Помню, как на уроке геометрии Марк с упорством маленького носорога твердил, что его решение теоремы верно, хоть и не соответствует общепринятым нормам, и как учительница убеждала его и весь класс, что решение должно соответствовать учебникам, ход решения и рассуждения должен укладываться в те рамки, что они изучаю на её уроках. Помню, как Варя, выйдя посреди урока в уборную, нашла его плачущим на лестнице, что было слишком для неё. Как она, плюнув на свои уроки, добивалась от него объяснений и причин произошедшего, как ворвалась посреди урока к учительнице и кричала на неё. Мы с Кирой узнали обо всём спустя три дня, когда нас вызвали в школу. Жена обещала засудить весь педагогический состав, а я держал руку Марка, чувствую, как он сжимает её до боли и при этом ни одной эмоции не выражало его лицо. Варя сидела за партой и молчала, не поднимая взгляда. Ей было стыдно за проявление эмоций и мне это категорически не нравилось. Да, возможно, она и перешла определённые границы в своём поведении, но кто бы не перешёл? Молчали все, кроме Киры. Когда Кира выплеснула весь свой гнев, наступил момент, когда и я мог высказать своё мнение. Нет, я не обещал кары небесные и не запугивал преподавательницу тем, что напишу разгромную статью об их заведении, которому посчастливилось называться школой-лицеем. Нет, это не принесло бы результатов. Я точно знал, что Варя и Кира уже высказали все, что касалось эмоций. Варя могла обещать сжечь всю школу, если ещё раз её брат заплачет, Кира же при мне обещала засудить всех, включая даже уборщиц. Но потому мы и были вместе – наши подходы разные, но вели к одной цели.

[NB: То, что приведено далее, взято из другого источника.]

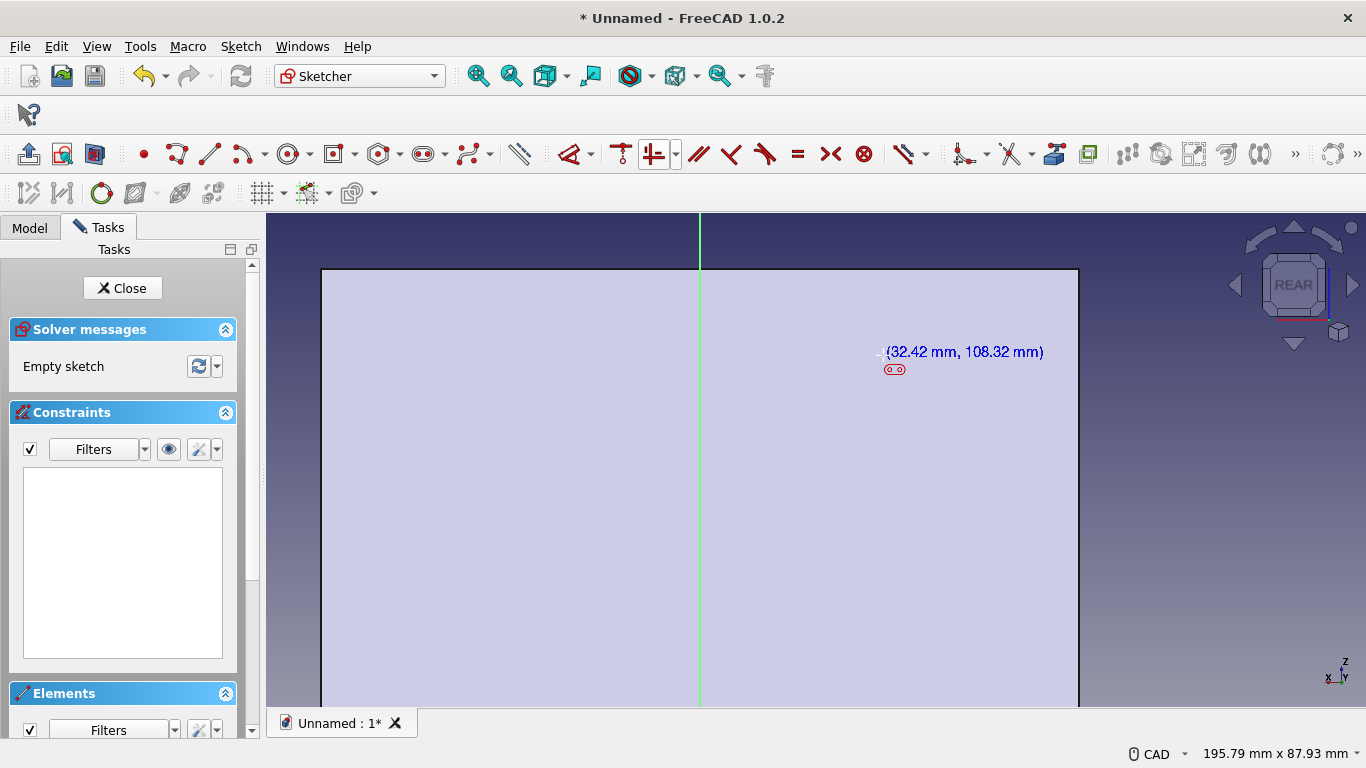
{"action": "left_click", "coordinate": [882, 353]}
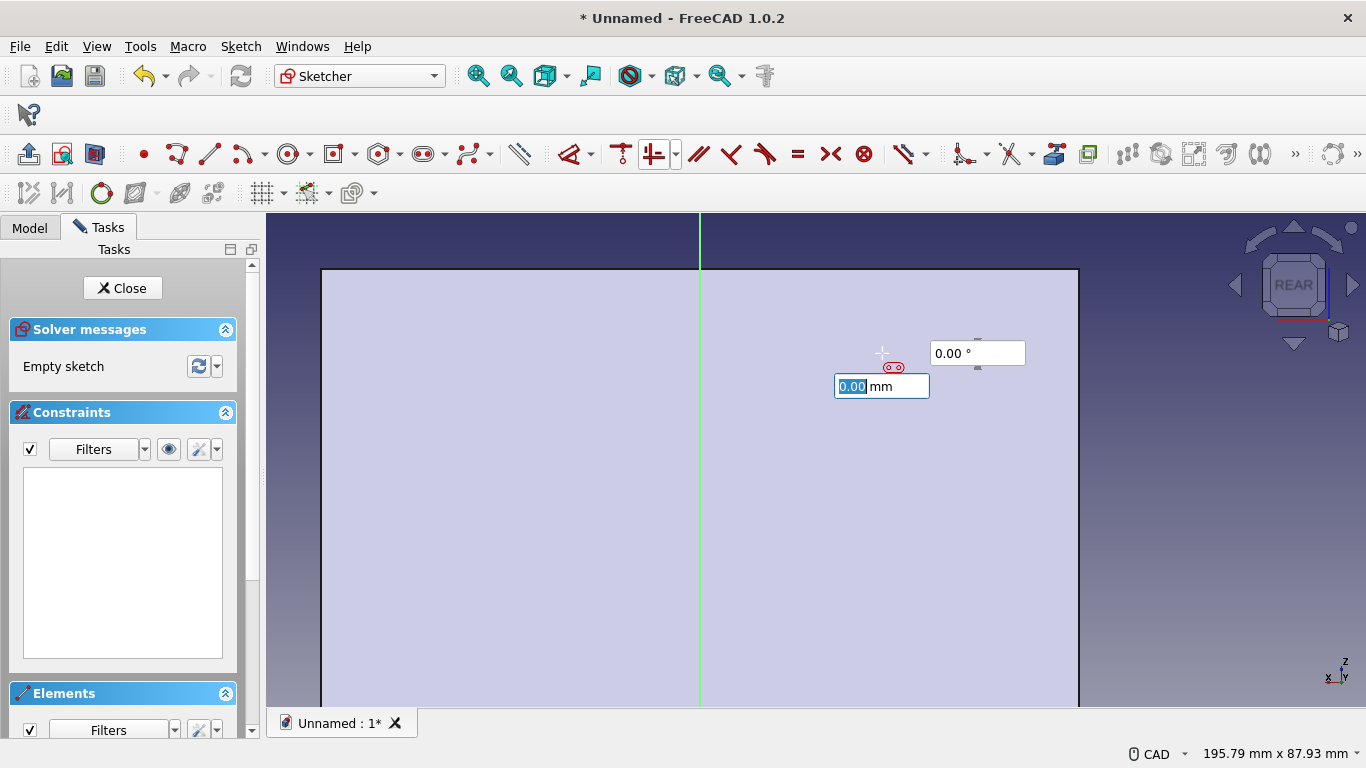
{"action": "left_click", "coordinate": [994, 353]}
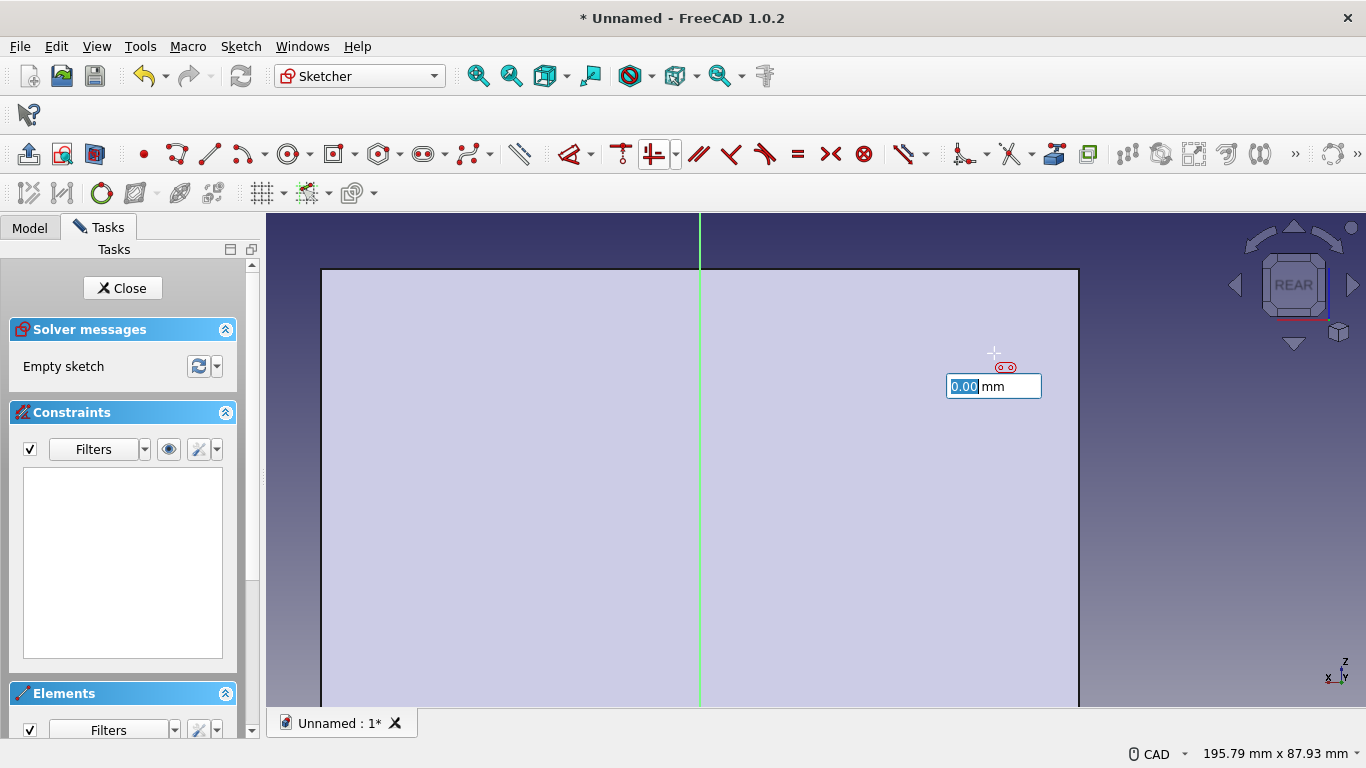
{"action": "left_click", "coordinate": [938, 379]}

Я не просил остаться наедине с учителем и не обещал мирового потопа в отдельном участке города. Нет, нужен был наглядный урок и для учителей, и для детей. Урок, говорящий прямо, что никто не даст их в обиду, если они правы. При этом я понимал, что нудная лекция не принесла бы результатов тогда, поэтому я выбрал другой путь. Ни на минуту, не отпуская руки Марка, я сказал то, что родилось у меня внутри:
–Татьяна Ивановна, каждый вправе выбирать свой путь для достижения цели, если этот путь не противоречит ей. И никто не в праве ограничивать человека в выборе.